Work to be completed >> Copying rule for the data below: take the line containing "to latex. <formula><loc_0><loc_0><loc_500><loc_500>R" and every line after it to the end, exactly, and drop all pictures.

Records for this exercise >>
========================================

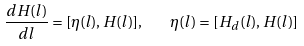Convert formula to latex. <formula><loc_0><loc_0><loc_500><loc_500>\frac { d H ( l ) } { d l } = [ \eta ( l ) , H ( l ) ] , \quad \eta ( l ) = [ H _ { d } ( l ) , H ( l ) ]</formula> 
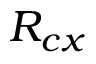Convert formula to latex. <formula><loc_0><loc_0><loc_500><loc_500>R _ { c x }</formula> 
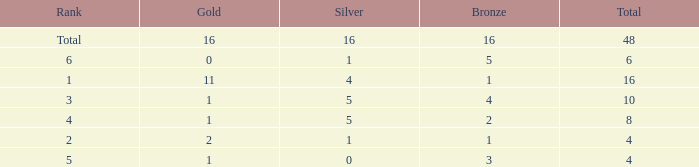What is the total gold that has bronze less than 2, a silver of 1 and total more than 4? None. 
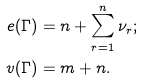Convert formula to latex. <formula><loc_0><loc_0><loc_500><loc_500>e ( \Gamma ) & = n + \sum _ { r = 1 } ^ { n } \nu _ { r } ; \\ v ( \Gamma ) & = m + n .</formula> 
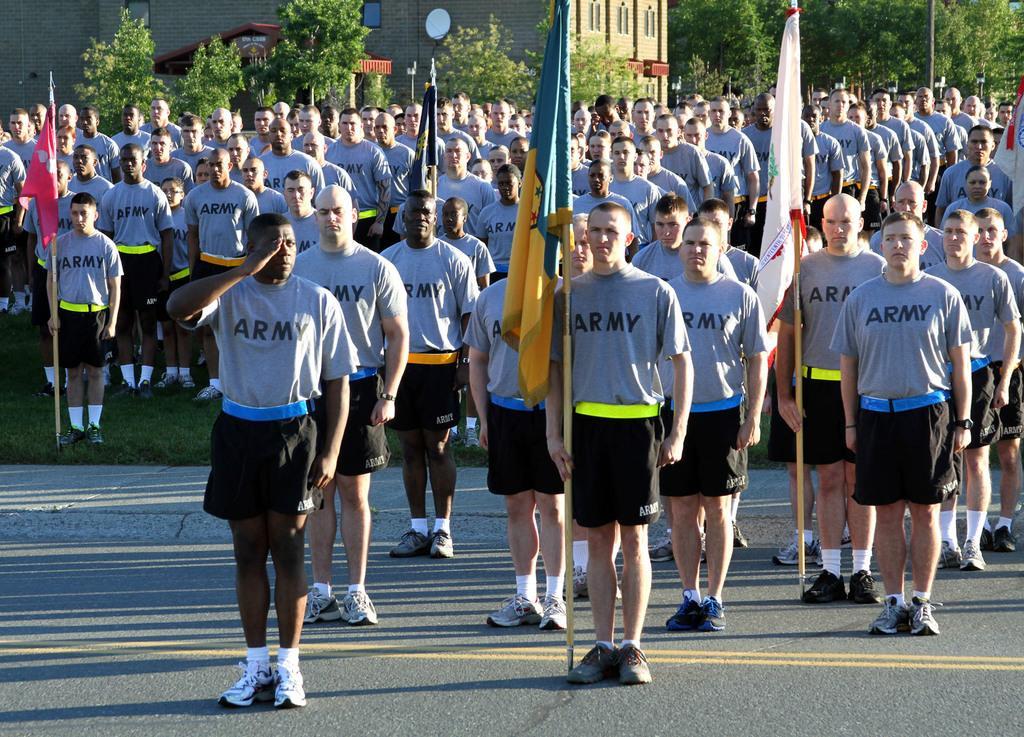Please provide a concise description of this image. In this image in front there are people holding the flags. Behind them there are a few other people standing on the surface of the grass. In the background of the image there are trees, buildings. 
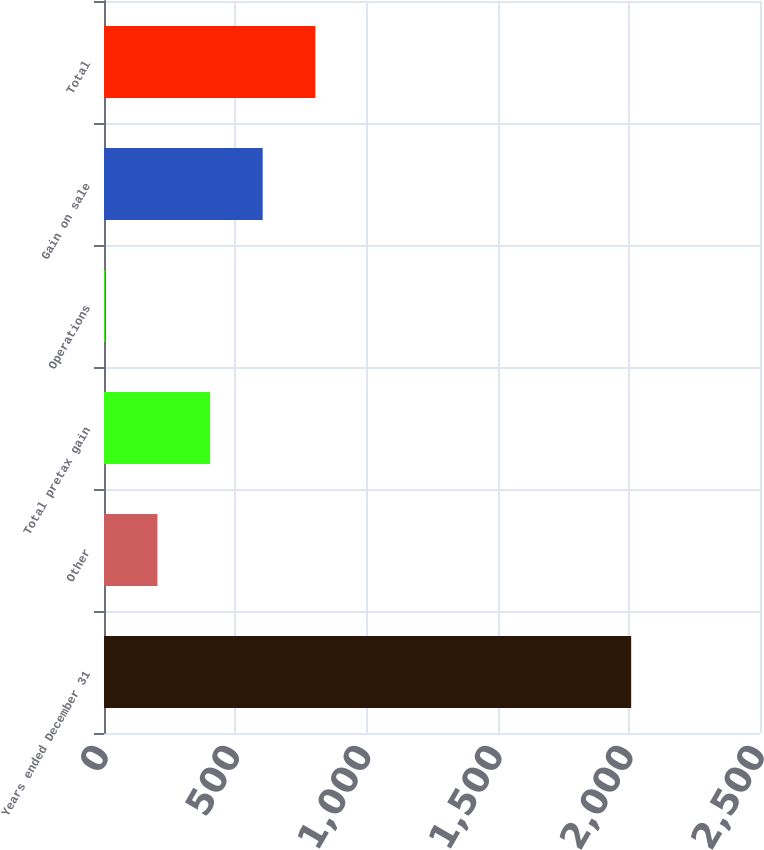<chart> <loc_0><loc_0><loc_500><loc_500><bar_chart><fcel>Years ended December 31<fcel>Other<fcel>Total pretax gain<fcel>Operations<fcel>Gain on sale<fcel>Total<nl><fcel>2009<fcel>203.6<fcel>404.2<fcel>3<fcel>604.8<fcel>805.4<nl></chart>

========================================

Written answer >>
Convert formula to latex. <formula><loc_0><loc_0><loc_500><loc_500>R _ { c x }</formula> 
What is the total gold that has bronze less than 2, a silver of 1 and total more than 4? None. 
Convert formula to latex. <formula><loc_0><loc_0><loc_500><loc_500>e ( \Gamma ) & = n + \sum _ { r = 1 } ^ { n } \nu _ { r } ; \\ v ( \Gamma ) & = m + n .</formula> 
Please provide a concise description of this image. In this image in front there are people holding the flags. Behind them there are a few other people standing on the surface of the grass. In the background of the image there are trees, buildings. 
<chart> <loc_0><loc_0><loc_500><loc_500><bar_chart><fcel>Years ended December 31<fcel>Other<fcel>Total pretax gain<fcel>Operations<fcel>Gain on sale<fcel>Total<nl><fcel>2009<fcel>203.6<fcel>404.2<fcel>3<fcel>604.8<fcel>805.4<nl></chart>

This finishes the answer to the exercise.